MATERIAL PROVIDED →
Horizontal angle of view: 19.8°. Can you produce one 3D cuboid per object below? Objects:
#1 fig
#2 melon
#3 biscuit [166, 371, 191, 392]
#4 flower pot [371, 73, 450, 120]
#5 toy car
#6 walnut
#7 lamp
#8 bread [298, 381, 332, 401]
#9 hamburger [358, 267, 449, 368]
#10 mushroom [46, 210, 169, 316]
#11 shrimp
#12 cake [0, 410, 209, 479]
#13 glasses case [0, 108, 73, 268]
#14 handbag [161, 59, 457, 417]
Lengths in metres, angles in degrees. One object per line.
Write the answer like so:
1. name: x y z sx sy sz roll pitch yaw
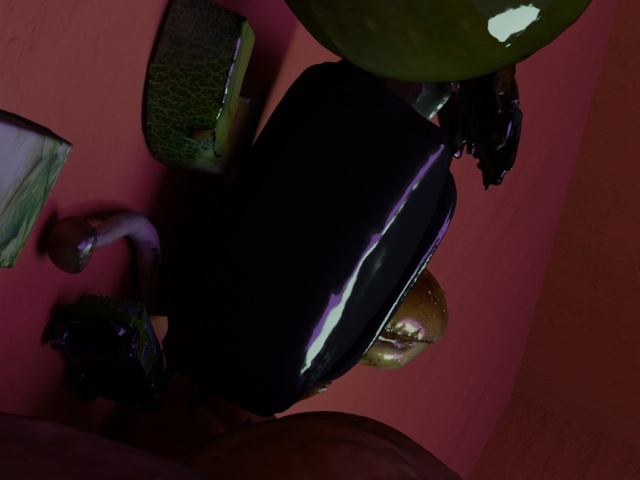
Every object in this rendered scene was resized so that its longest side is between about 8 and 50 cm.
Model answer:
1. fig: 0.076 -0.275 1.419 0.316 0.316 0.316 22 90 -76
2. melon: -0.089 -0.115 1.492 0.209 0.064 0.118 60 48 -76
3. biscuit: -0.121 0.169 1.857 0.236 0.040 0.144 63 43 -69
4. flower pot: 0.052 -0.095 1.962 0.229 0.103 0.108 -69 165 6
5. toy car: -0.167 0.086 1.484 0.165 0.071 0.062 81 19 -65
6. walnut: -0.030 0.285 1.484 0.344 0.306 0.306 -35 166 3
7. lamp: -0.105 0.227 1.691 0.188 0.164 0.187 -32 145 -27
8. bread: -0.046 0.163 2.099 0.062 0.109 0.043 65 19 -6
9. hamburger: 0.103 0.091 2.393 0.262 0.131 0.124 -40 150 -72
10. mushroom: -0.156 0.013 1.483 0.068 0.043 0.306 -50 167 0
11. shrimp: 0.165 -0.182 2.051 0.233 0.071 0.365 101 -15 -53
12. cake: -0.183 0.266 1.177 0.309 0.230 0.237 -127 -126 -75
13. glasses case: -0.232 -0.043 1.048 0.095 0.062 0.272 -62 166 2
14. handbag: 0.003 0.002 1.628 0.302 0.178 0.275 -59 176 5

...

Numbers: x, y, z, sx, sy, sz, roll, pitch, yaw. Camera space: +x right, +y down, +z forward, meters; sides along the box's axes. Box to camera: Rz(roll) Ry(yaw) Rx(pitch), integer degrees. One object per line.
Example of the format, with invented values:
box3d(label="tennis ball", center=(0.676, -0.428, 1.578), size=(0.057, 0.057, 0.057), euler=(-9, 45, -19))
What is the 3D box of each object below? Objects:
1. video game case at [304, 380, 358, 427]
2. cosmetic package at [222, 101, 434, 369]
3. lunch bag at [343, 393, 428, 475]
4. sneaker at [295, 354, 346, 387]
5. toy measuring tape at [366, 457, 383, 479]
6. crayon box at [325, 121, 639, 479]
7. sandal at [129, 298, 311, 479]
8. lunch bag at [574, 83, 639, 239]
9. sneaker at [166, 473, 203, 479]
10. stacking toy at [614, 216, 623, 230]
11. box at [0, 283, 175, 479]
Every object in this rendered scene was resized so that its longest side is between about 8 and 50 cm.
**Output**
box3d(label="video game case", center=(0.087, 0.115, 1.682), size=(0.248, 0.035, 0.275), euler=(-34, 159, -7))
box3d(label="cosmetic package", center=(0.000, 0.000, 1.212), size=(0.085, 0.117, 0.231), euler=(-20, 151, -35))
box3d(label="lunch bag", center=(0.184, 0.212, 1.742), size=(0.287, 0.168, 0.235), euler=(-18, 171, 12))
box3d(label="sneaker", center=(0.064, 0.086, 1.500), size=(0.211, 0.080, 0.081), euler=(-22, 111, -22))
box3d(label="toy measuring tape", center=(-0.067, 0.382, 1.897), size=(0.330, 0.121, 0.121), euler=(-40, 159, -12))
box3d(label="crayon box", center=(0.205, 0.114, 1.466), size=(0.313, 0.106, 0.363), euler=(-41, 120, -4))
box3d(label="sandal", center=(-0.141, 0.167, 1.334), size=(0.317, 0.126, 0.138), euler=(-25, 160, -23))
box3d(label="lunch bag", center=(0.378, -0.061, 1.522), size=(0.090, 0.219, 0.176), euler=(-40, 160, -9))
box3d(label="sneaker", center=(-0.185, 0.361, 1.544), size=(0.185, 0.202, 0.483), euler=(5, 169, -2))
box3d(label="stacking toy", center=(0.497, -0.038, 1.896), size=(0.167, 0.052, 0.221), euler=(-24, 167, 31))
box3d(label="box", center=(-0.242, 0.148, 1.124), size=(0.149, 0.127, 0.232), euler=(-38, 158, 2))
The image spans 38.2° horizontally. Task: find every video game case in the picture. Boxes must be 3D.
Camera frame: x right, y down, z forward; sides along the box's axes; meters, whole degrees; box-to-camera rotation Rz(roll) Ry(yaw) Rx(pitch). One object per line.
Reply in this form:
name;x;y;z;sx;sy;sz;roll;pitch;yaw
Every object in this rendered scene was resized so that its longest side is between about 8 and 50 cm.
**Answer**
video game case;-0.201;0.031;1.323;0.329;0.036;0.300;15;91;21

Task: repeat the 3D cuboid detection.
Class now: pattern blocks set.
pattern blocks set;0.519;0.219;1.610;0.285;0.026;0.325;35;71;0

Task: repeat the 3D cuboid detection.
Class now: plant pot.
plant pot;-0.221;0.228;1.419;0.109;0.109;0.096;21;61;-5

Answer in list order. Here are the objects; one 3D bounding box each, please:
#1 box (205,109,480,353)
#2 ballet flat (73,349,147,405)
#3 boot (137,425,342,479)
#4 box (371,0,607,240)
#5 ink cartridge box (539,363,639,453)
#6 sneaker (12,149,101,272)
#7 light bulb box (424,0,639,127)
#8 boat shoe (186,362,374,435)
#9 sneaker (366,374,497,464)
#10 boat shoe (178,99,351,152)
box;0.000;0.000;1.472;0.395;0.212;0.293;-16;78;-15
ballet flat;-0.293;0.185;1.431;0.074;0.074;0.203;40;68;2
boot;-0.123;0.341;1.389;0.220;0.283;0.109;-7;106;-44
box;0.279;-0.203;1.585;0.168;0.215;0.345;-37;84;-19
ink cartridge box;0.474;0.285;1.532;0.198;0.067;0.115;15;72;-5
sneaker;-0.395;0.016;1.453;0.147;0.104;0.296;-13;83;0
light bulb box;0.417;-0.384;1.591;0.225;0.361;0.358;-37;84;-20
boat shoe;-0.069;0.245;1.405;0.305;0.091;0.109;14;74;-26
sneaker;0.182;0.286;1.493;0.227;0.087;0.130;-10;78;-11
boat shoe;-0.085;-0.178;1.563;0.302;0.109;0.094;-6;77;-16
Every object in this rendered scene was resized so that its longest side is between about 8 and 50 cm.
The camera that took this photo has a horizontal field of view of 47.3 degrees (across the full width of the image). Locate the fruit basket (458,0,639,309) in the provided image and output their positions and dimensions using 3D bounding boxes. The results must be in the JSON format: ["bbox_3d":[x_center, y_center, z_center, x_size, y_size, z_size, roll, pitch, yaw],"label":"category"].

* * *

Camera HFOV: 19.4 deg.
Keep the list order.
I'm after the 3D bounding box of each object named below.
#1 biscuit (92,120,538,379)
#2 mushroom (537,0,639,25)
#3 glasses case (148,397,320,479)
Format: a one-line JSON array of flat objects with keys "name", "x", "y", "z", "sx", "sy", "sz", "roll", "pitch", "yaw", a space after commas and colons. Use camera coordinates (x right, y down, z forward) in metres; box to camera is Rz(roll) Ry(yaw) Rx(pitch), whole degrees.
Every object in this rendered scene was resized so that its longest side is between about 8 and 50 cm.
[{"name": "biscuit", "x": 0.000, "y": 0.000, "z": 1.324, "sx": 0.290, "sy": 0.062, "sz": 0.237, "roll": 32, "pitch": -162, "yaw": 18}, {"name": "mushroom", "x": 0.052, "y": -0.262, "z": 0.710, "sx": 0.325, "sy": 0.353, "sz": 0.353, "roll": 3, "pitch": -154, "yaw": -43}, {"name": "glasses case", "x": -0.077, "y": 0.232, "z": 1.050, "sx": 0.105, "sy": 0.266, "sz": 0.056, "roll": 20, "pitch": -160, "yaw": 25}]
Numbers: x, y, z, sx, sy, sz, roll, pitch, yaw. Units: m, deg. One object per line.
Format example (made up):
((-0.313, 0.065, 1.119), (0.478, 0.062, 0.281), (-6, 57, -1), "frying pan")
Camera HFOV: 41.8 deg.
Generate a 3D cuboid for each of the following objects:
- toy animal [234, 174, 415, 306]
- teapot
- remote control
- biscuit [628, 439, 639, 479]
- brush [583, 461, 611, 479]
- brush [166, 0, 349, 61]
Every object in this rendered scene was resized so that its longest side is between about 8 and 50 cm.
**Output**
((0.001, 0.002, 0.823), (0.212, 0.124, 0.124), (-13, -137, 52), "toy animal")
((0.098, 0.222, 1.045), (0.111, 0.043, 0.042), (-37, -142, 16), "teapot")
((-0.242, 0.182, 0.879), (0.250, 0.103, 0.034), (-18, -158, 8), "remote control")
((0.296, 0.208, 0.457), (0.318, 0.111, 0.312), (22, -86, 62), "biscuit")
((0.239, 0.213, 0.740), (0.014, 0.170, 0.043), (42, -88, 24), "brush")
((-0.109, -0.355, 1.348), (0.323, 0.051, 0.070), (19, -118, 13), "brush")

TASK DIRECTIONS →
Lines of the listing above that contain the word "down" should all be returned.

RESPONSE FOR THIS EXERCISE →
Numbers: x, y, z, sx, sy, sz, roll, pitch, yaw. Camera space: +x right, +y down, +z forward, meters; sides along the box's axes. Box to camera: Rz(roll) Ry(yaw) Rx(pitch), integer degrees. One object per line.
Camera frame: x right, y down, z forward; sides along the box's axes; meters, whole degrees; box-to-camera rotation Rz(roll) Ry(yaw) Rx(pitch). One object per line.
Format: a one-line JSON array of flat objects with keys "name", "x", "y", "z", "sx", "sy", "sz", "roll", "pitch", "yaw", a space after commas and colons. Use camera coordinates (x right, y down, z forward) in metres; box to camera is Rz(roll) Ry(yaw) Rx(pitch), whole degrees.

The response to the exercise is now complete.